To contend that Torah is entirely above human understanding is tantamount to presenting it as a system bereft of wisdom in any meaningful sense. This approach dismisses generations of sages who labored to provide us with insight and understanding of the Torah.
At Northwest Yeshiva High School we have adopted a third approach. We make two assumptions: first, we accept that you will face temptation and you will be confronted with questions you will not be able to answer.
We do not assume that we can desensitize you to temptation or that we can provide you with a simplistic response that will dismiss all doubts. Instead, we strive to provide you with experiences, tools and perspectives that will enable you to confront these issues and struggle through them. Second, we never misrepresent or distort the Torah.
Over the past four years we have striven to expose you to as much Torah as possible. We have seized every opportunity to impress upon you and demonstrate the profound wisdom of the Torah.

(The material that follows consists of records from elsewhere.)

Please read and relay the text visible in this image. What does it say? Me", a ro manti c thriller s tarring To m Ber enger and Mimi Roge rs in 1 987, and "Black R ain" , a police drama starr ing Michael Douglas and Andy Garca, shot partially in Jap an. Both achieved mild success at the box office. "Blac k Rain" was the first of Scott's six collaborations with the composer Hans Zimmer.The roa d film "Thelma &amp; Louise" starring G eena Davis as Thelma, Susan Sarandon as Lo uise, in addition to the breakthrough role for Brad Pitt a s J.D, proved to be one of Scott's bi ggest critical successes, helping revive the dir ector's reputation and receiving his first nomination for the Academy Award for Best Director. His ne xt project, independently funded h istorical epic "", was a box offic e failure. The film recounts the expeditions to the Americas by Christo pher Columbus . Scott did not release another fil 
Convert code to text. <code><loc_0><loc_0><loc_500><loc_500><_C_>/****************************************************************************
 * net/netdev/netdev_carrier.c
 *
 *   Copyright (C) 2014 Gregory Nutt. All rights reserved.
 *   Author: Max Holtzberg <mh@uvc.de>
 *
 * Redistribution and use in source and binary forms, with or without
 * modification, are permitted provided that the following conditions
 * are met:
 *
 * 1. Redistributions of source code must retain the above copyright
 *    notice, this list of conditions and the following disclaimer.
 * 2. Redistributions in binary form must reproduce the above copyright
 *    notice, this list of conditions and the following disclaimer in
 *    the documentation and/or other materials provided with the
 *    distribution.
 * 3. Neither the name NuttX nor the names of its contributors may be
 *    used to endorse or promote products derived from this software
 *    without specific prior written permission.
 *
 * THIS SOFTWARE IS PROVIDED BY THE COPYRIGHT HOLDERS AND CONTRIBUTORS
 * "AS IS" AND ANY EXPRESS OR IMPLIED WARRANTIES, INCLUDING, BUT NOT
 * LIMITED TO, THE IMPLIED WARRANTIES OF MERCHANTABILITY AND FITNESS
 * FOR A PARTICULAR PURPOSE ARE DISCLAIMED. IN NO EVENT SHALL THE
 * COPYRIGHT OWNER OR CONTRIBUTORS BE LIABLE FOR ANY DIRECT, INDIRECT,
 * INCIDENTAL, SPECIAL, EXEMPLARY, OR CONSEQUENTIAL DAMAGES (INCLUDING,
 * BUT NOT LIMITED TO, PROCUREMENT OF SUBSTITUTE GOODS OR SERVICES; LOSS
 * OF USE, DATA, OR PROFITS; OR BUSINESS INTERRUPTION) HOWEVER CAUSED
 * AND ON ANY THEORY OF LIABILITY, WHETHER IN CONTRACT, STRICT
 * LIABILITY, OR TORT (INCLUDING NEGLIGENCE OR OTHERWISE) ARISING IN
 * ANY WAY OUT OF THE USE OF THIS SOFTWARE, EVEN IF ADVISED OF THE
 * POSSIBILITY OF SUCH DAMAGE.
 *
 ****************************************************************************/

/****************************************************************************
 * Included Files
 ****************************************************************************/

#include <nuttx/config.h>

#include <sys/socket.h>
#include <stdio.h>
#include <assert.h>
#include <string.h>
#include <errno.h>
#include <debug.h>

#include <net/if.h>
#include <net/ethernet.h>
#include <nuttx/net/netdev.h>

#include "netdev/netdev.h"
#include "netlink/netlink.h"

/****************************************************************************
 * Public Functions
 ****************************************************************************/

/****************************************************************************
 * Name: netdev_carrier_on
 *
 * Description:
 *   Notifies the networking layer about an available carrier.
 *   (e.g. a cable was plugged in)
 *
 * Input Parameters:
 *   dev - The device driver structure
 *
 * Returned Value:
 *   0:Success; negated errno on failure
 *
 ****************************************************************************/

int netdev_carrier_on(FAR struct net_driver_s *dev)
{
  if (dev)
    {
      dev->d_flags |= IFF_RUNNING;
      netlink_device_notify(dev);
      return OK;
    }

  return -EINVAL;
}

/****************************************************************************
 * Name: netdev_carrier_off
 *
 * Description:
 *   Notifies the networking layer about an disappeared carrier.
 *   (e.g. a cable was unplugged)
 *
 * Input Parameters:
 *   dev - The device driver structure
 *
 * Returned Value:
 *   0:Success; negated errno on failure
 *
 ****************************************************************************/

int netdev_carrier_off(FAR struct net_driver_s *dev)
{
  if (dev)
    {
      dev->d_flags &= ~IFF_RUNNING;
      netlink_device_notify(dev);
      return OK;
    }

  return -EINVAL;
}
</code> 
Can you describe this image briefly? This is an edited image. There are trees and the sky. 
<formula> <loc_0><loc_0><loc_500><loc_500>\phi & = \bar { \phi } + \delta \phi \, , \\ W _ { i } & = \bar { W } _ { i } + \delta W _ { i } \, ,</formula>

We have shared with you the beauty and richness of Judaism and Torah life. We know that even if we have been successful, you will not be immune to temptation. But we have aspired to provide you with the fortitude to overcome temptation.
We have toiled to develop your thinking and critical abilities. We have carefully nurtured your personal development, and maturation. We know that these skills and your personal growth will not provide you with answers to all of the questions with which you will be confronted. But we hope you have learned that every honest person knows there are questions he or she cannot answer.
These mysteries should not be a source of doubt — we should not quake in the face of the unknown. Instead, questions should inspire wonder. Mystery should excite our imagination and provoke us to study further and think and search more deeply. Knowledge always begins with a question!